David L. Ryan/Globe Staff
During his 32 years waiting tables at Santarpio’s, Tony Costanzo watched almost everything around the East Boston institution change. His customers grew up and got married. Expensive condos sprouted up around Eastie. Last year, the duplex next door almost burned down, threatening to take the old pizza place with it.
But Santarpio’s has stayed pretty much the same: Locals drink red wine out of water glasses at the bar. Sausages sizzle and spit over a charcoal fire in the corner. Cash only. No salads.
And there was Tony, hovering near the jukebox, ready to play a song for you. If you were from Texas, it was “All my Ex’s live in Texas.” If you were Tom Menino after a long day, it was Sinatra.

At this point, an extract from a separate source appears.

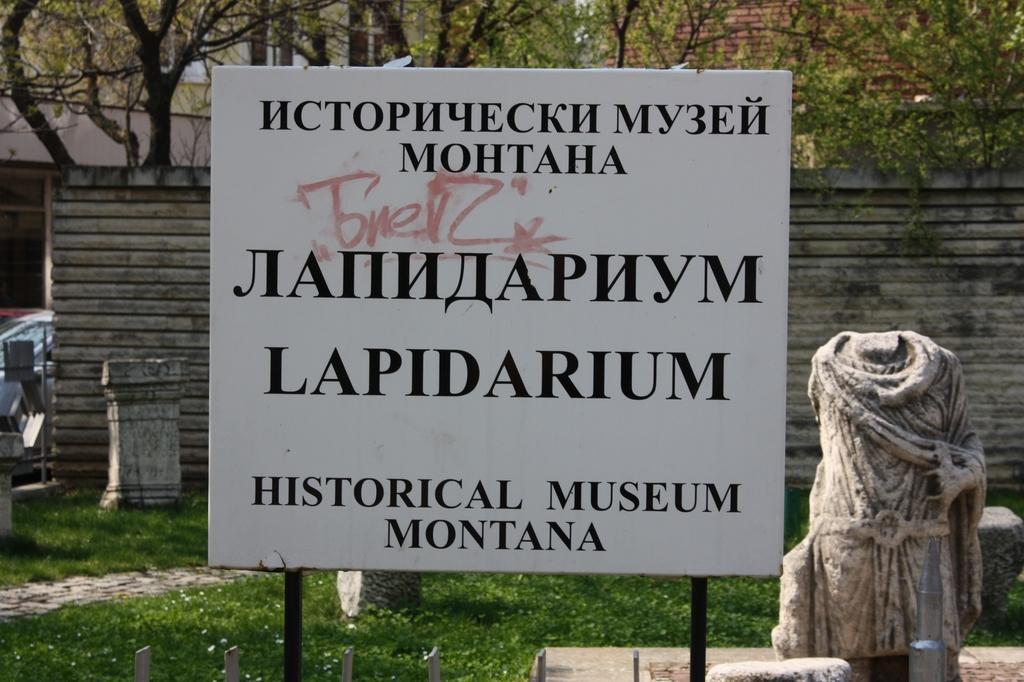Could you give a brief overview of what you see in this image? In this image there vehicles on the left corner. There is a board with text in the foreground. There is a statue on the right corner. There is grass at the bottom. There are trees, buildings and a wall in the background.

Now, that too is changing. Costanzo, his 66-year-old knees beginning to betray him, retired last week, more than a century after Santarpio’s began serving thin crust pizzas — no slices — and grilling skewers of meat and sausage.
In this historically diverse neighborhood now struggling with rising rents and evictions — a place plagued, some feel, by its own progress — Santarpio’s is a refuge. And Costanzo, with a bottomless well of time-worn jokes spilling out of him, was straight out of old school Eastie.
“If I didn’t know you by your name, I knew you by what you eat and drink,” Costanzo said, sitting at one of the wooden tables under a photo of Tom Brady, arms raised in triumph. “I memorize orders; it’s a lot easier than memorizing names.”
That blond guy? Half a carafe of wine and garlic pizza. The daughter of the couple who met at Santarpio’s thanks to his introduction? Beer, much to his dismay.
“She asked me for a drink the other day, and I said, ‘Yeah right,’” said Costanzo, not believing she was legal age. “You forget that you watch these people grow up. I met her when she was in a baby carriage.”
Tony was unforgettable in his own right. Five-foot-seven, with a bald head, glasses, and a waistline that he swears “once used to be 32 inches,” he walked around with an apron adorned with dozens of pins given to him by customers.
Adrian Madaro, a state representative for East Boston, brought his girlfriend, Ariel Glantz, to Santarpio’s for their first date. If there was any chance of an awkward silence, Tony crushed it, fast.
Glantz, Costanzo recalled, came in and placed her order: a salad.
“It’s East Boston honey, you don’t get salads here,” Costanzo said with the smile that always accompanies his one-liners.
At least you didn’t back then. Step off the escalator up from the Maverick T Stop, and you’ll be greeted by signs offering “fresh salads, hot paninis.” At Santarpio’s, nobody needs to see a menu.
Well, almost no one.
During a recent lunch service, a young guy wearing a shirt that said something about robots walked in, looking confused. No one will wait on you hand and foot at Santarpio’s, which some locals say is part of the charm.
He asked for some slices.
Lefty, a longtime bartender and barbecue wrangler — so named, Costanzo said, “because he never does anything right” — set the guy straight.
“We don’t serve slices,” Lefty said, loud enough for the bar to hear. “We don’t.”
The guy hastily ordered a pizza and eventually a beer after being teased for looking like a 12-year-old.
“It’s just some new clientele, but we’ll work with it,” Lefty said. That includes the so-called “yuppies” longtime locals complain about, and hungry construction crews working on new glass and steel condos all over Eastie.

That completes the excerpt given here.